Another note. The GF's kid aka "daughter" is the single snottiest, most antisocial ***** any has ever been exposed to(she's 12 now). She is better than EVERYONE. You could never believe a kid could be this bad. EVER. 

So here's where the problem comes in. All of our friends are at wits end. We can't take it anymore. The situation is so ****ing outside of reality. But this GF is the mega control freak type where you better not dare question her about anything or it's going to be war. Even worse she got him doing her bidding now. When they are around we can't even talk about reality. We all have to play fantasy land because Don's been such a good friend over the years no one wants to make things bad for him. 

What's the point of having close friends if you can't talk about real **** in life and you have to dodge all the obvious questions all the time?
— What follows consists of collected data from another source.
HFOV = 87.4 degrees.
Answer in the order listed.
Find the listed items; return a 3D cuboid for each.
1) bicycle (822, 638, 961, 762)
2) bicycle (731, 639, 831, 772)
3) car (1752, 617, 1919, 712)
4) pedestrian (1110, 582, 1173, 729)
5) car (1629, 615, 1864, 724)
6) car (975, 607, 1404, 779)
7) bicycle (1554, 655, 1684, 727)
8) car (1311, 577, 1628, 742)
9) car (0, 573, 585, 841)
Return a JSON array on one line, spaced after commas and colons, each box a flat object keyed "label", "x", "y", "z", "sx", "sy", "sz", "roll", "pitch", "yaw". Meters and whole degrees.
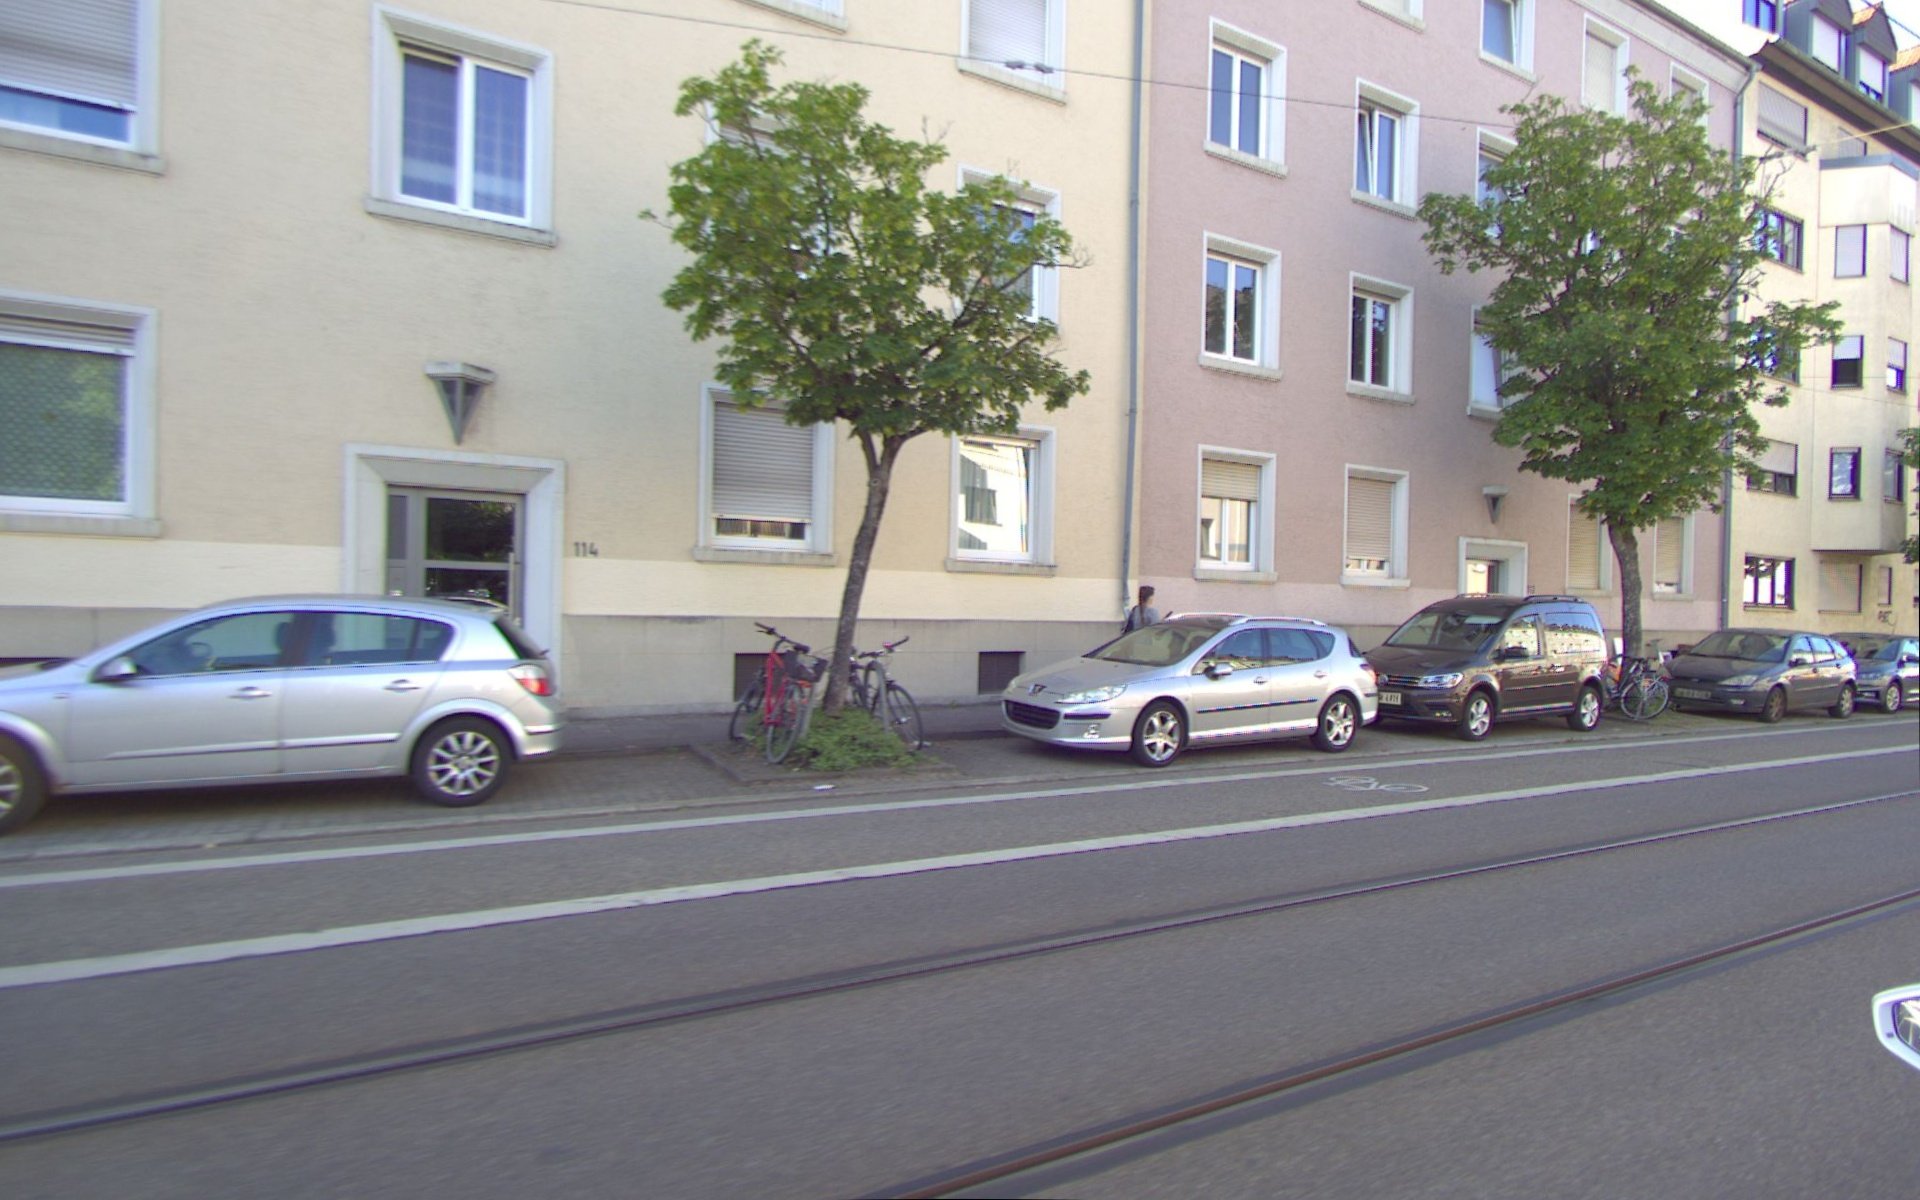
[{"label": "bicycle", "x": -0.707, "y": 0.929, "z": 9.846, "sx": 0.472, "sy": 1.015, "sz": 1.652, "roll": 1, "pitch": 1, "yaw": -39}, {"label": "bicycle", "x": -1.690, "y": 0.922, "z": 9.306, "sx": 0.470, "sy": 1.015, "sz": 1.661, "roll": 1, "pitch": 1, "yaw": -25}, {"label": "car", "x": 17.757, "y": 1.219, "z": 19.917, "sx": 4.015, "sy": 1.641, "sz": 1.800, "roll": 1, "pitch": 1, "yaw": -29}, {"label": "pedestrian", "x": 2.362, "y": 0.703, "z": 13.064, "sx": 0.536, "sy": 1.850, "sz": 0.534, "roll": 1, "pitch": 1, "yaw": -29}, {"label": "car", "x": 13.728, "y": 1.141, "z": 17.503, "sx": 4.015, "sy": 1.641, "sz": 1.800, "roll": 1, "pitch": 1, "yaw": -29}, {"label": "car", "x": 2.616, "y": 0.908, "z": 11.152, "sx": 4.624, "sy": 1.528, "sz": 1.800, "roll": 1, "pitch": 1, "yaw": -29}, {"label": "bicycle", "x": 10.330, "y": 1.397, "z": 15.802, "sx": 0.511, "sy": 0.950, "sz": 1.622, "roll": 1, "pitch": 1, "yaw": -32}, {"label": "car", "x": 7.081, "y": 0.746, "z": 13.878, "sx": 4.281, "sy": 1.969, "sz": 1.800, "roll": 1, "pitch": 1, "yaw": -29}, {"label": "car", "x": -4.999, "y": 0.632, "z": 7.142, "sx": 4.140, "sy": 1.528, "sz": 1.800, "roll": 1, "pitch": 1, "yaw": -29}]

I truly believe this situation will run it's course and they will split. Once the GF uses him for all he's worth she'll be out but that could take 4-6 years in my guestimate. 

My fear is my patience is running out and I'm going to mouth off and cause a huge rift. I don't want to lose him as a friend and I don't want to alienate my wife and I in that group of friends. What do you guys think? 


Final note: Don is extremely sensitive to this situation. He gets real defensive when you try to even approach it. IMO he's been brainwashed BAD.


----------



## GuyInColorado (Dec 26, 2015)

Have a frank conversation with him. Ask him if he's really happy. Ask him is the fcking he's getting worth the fcking he's taking?

He needs friends to give him a wake up call and let him know he can end this dysfunctional relationship with little cost.


----------



## aine (Feb 15, 2014)

I would ordinarily say that this is none of your business as Don is a grown man, but there have been cases of female sociopaths who control a guy, then alienate him from his family, friends to get her hands on the loot as it were. 
Perhaps, you and a group of friends should do an 'intervention' all at once, he wouldn't be able to ignore that. One on one will not work as he will just alienate you and say you are interfering. Include his parents also.


----------



## PersonInSpace (May 19, 2016)

So here's where it gets complicated. This guy is in so deep, that if any one friend approaches him that person will automatically be dead to him. He's in too deep. This is his "wife" and "daughter"(I just puked in my mouth a little) so he'll go defensive and choose them first. This GF and her kid are sociopaths. They are ****ing sick human beings. They don't represent any of the values in life that Don does. 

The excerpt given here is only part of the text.